URL: http://www.sfgate.com/cgi-bin/article.cgi?file=/chronicle/archive/2001/02/16/DD160200.DTL&type=music

Among his other virtues, give Michael Tilson Thomas credit for persistence. He's been trying for years to get local audiences to share his high regard for Mahler's early cantata "Das klagende Lied," and he's evidently going to keep right at it.

Thomas and the San Francisco Symphony reprised this hourlong score in Davies Symphony Hall Wednesday night, on the eve of an East Coast tour in which this all-Mahler program -- along with last week's Stravinsky offerings --

will figure prominently.

Perhaps those audiences will have better luck with "Das klagende Lied." From this angle, not even the conductor's impassioned advocacy could make the piece cohere.

It may be that a listener has to love Mahler as deeply and unabashedly as Thomas does to hear this overambitious score as more than simply the first effort of a phenomenal but still undeveloped teenage genius (the score was completed shortly after Mahler's 20th birthday). There are countless dazzling moments packed into the work, yet the cumulative effect is still diffuse, even tedious.

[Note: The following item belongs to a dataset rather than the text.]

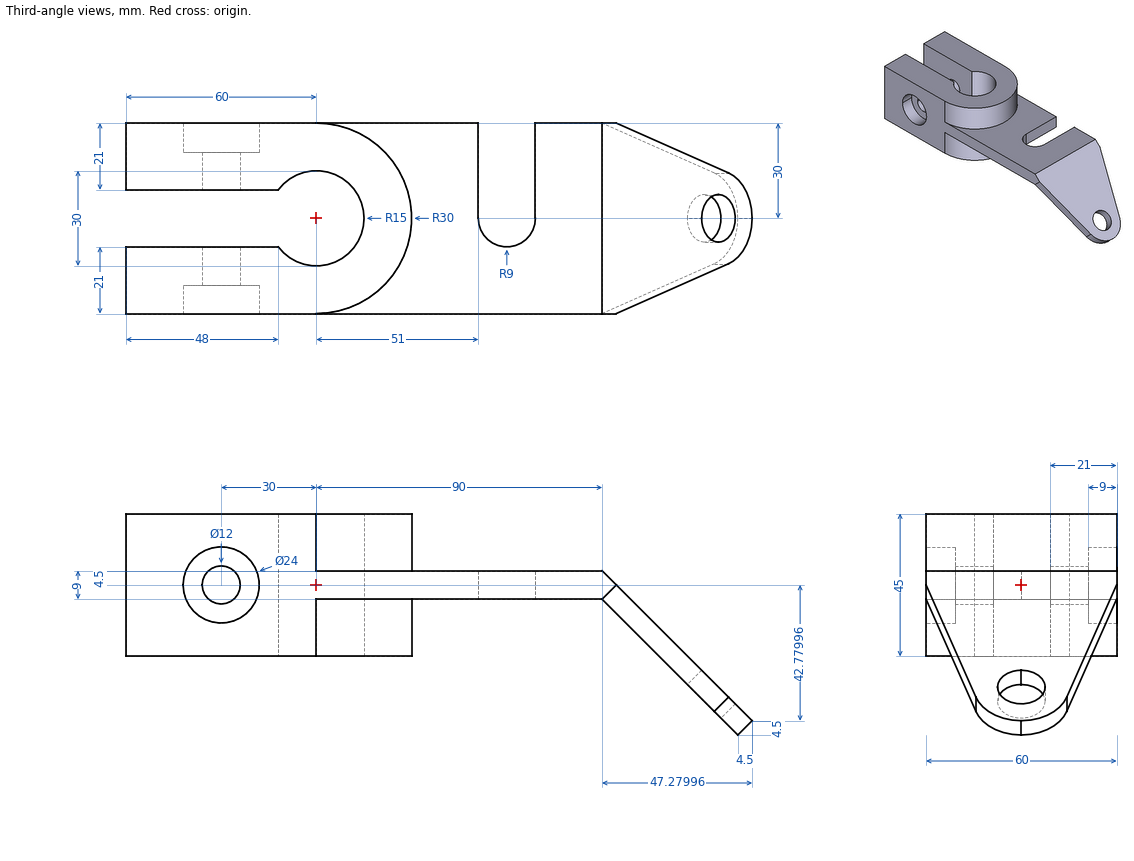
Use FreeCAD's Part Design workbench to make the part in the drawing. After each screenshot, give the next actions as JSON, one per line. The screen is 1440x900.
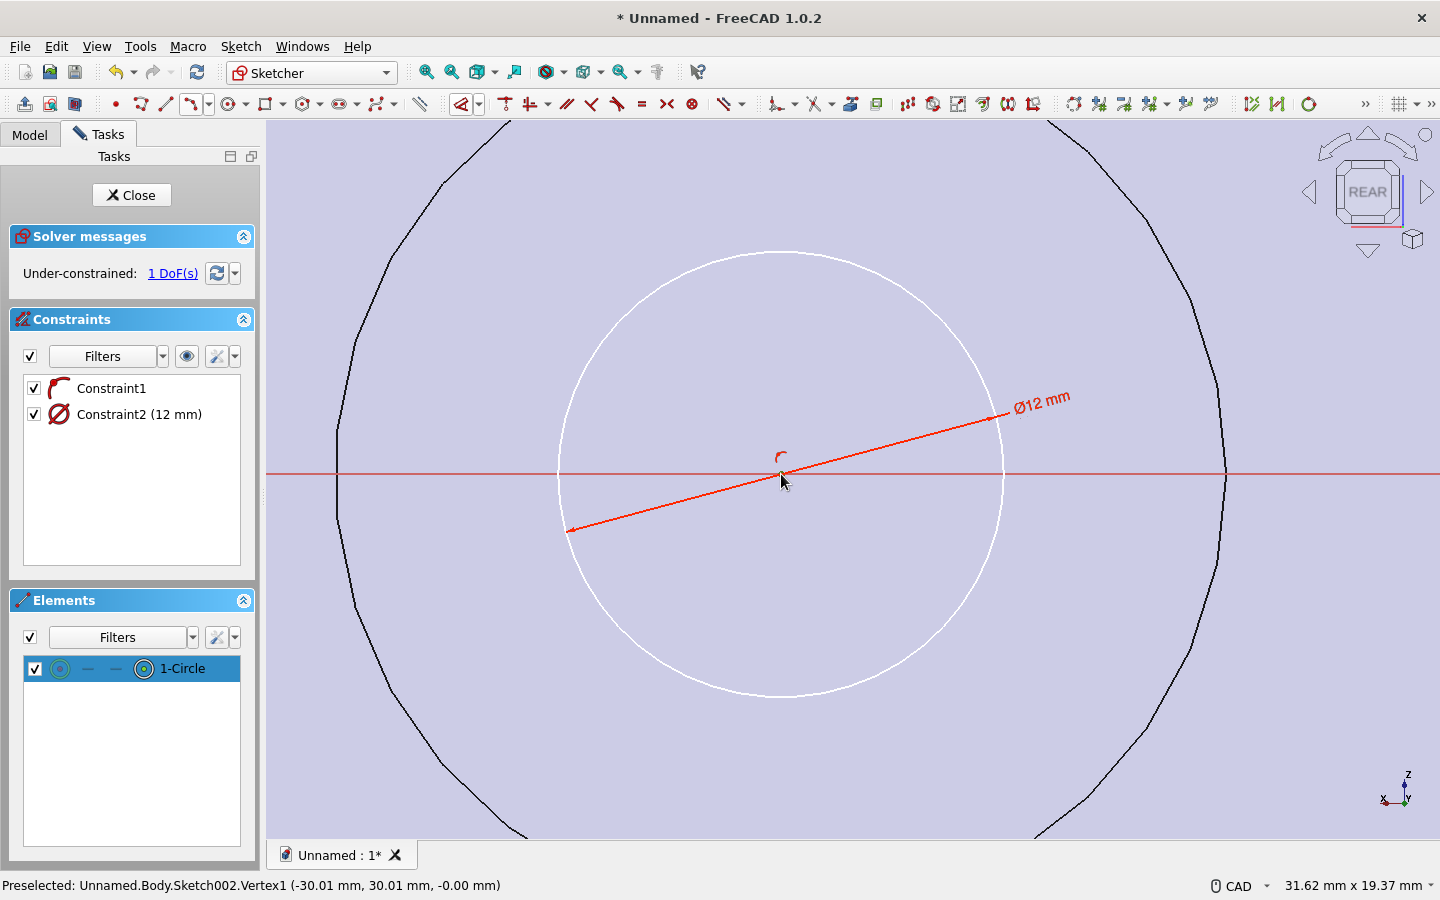
{"action": "key", "text": "l"}
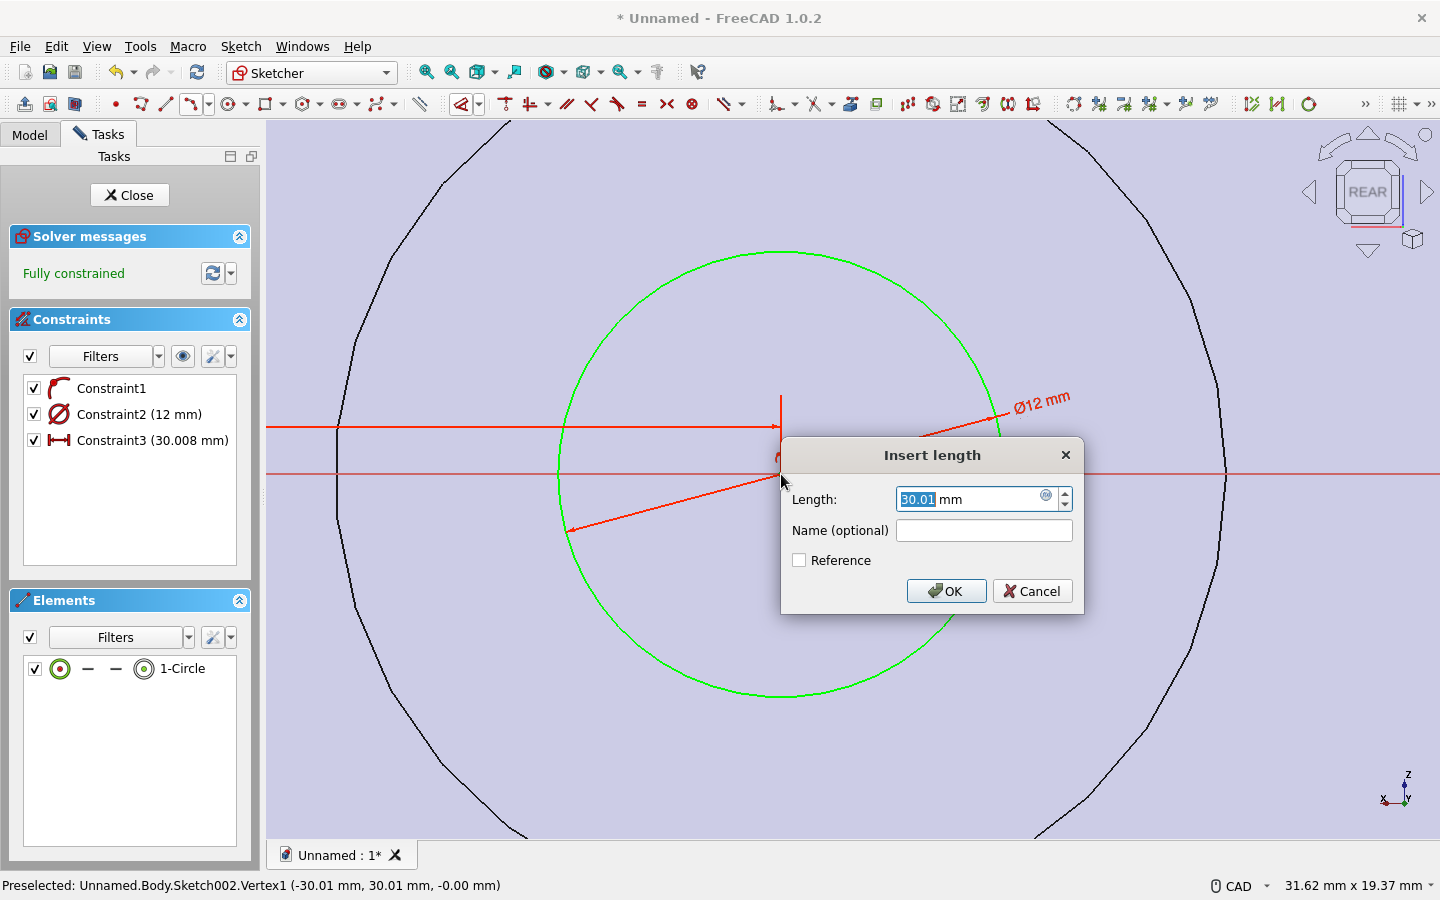
{"action": "type", "text": "30"}
{"action": "key", "text": "Return"}

Mahler's text recounts a gripping folktale in which one brother kills another for the chance to marry a beautiful queen. The dead brother's bones lie in the forest until a passing minstrel picks one up and turns it into a flute, and the flute sings out the dark truth at the brother's wedding feast.

This was just the sort of thing that Mahler's imagination throve on, the folklike strain that would come to fruition soon afterward in his settings of the poems from the collection "Des knaben Wunderhorn" and the symphonies he fashioned from them.

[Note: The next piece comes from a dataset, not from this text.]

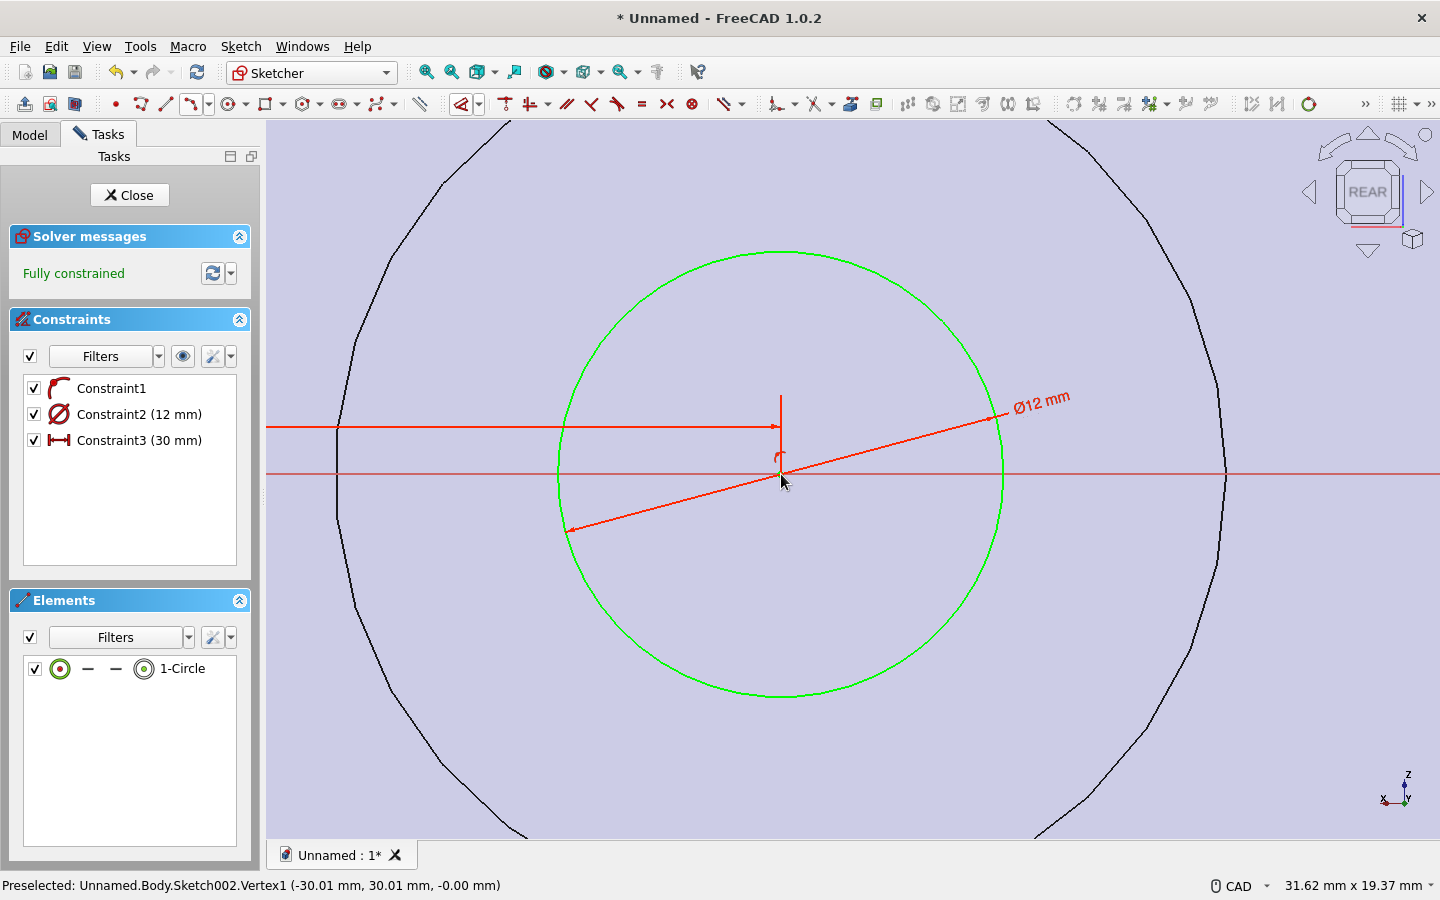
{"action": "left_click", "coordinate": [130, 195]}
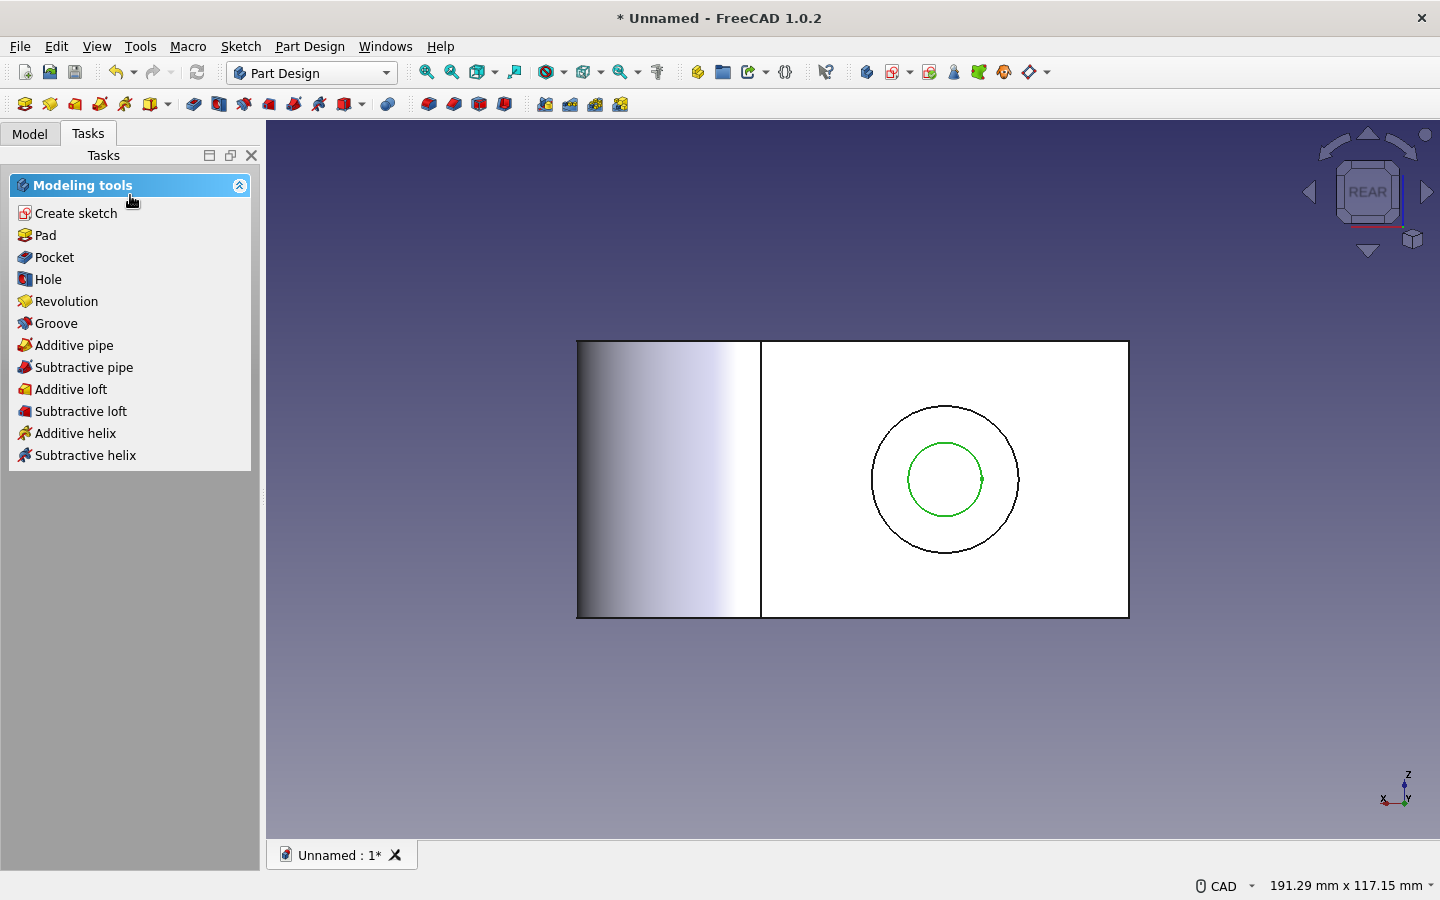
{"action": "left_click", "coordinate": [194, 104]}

"Das klagende Lied" has something of the air of a fairy tale deftly told -- beginning with the seductive introduction, with its scene-setting misty swirls punctuated by a brassy outburst out of "Die Walkure."

Page after page thereafter bristles with engaging musical ideas and brilliant strokes of orchestration. No one but Mahler could have crafted the combination of offstage musicians with the main orchestra, the little exposed violin duets (beautifully played by Nadya Tichman and Mark Volkert), the jaunty tune as the minstrel comes strolling through the forest, or the constant piccolo filigree (Catherine Payne rose superbly to the occasion).

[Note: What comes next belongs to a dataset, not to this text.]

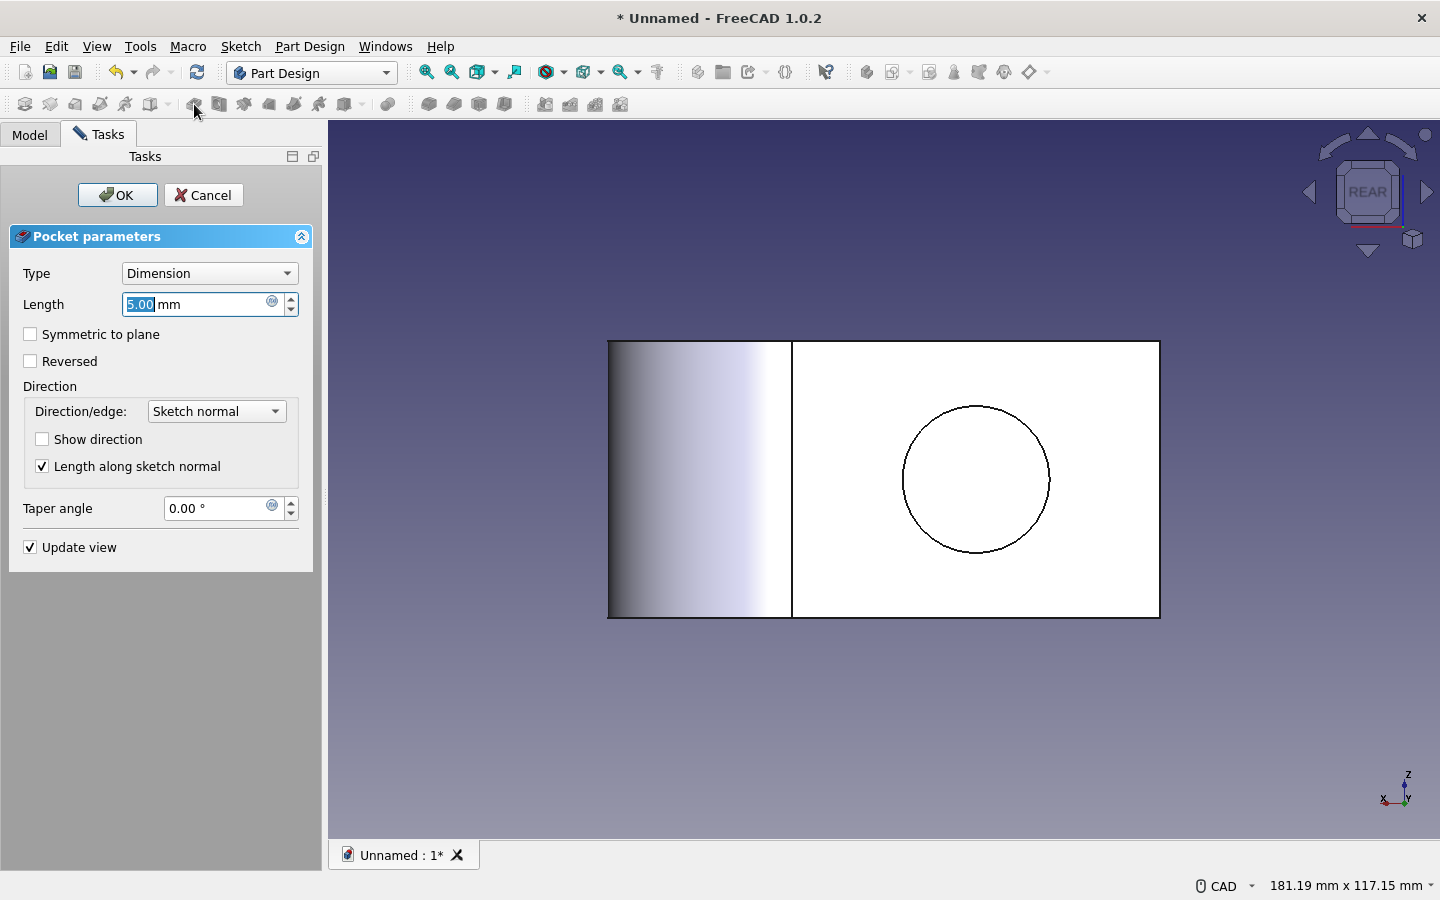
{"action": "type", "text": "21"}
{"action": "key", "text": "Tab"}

But as magnificent as each individual moment is, the piece lurches in an ungainly manner from one to the next. The effect is like a grab bag of Mahlerian moments -- the composer's distinctive touch is always there, but a listener longs for the symphonies, when he had figured out how to impose order on his fecund inventiveness.

Just as awkward is the young Mahler's handling of his singers. The score calls for four soloists and chorus, and the narrative gets tossed around among them willy-nilly. The first three lines of text, for instance, are sung by tenor, bass and the two men together -- for no apparent reason.

The singer who carries the bulk of the piece, though -- including the flute's accusatory lament -- is the mezzo-soprano, and once again Michelle DeYoung handled the assignment with enormous vitality and aplomb. Soprano Christine Goerke brought clear, bright tone to her part, but both tenor Jon Villars and bass-baritone Clayton Brainerd sounded woofy. Vance George's Symphony Chorus offered rich, finely blended singing.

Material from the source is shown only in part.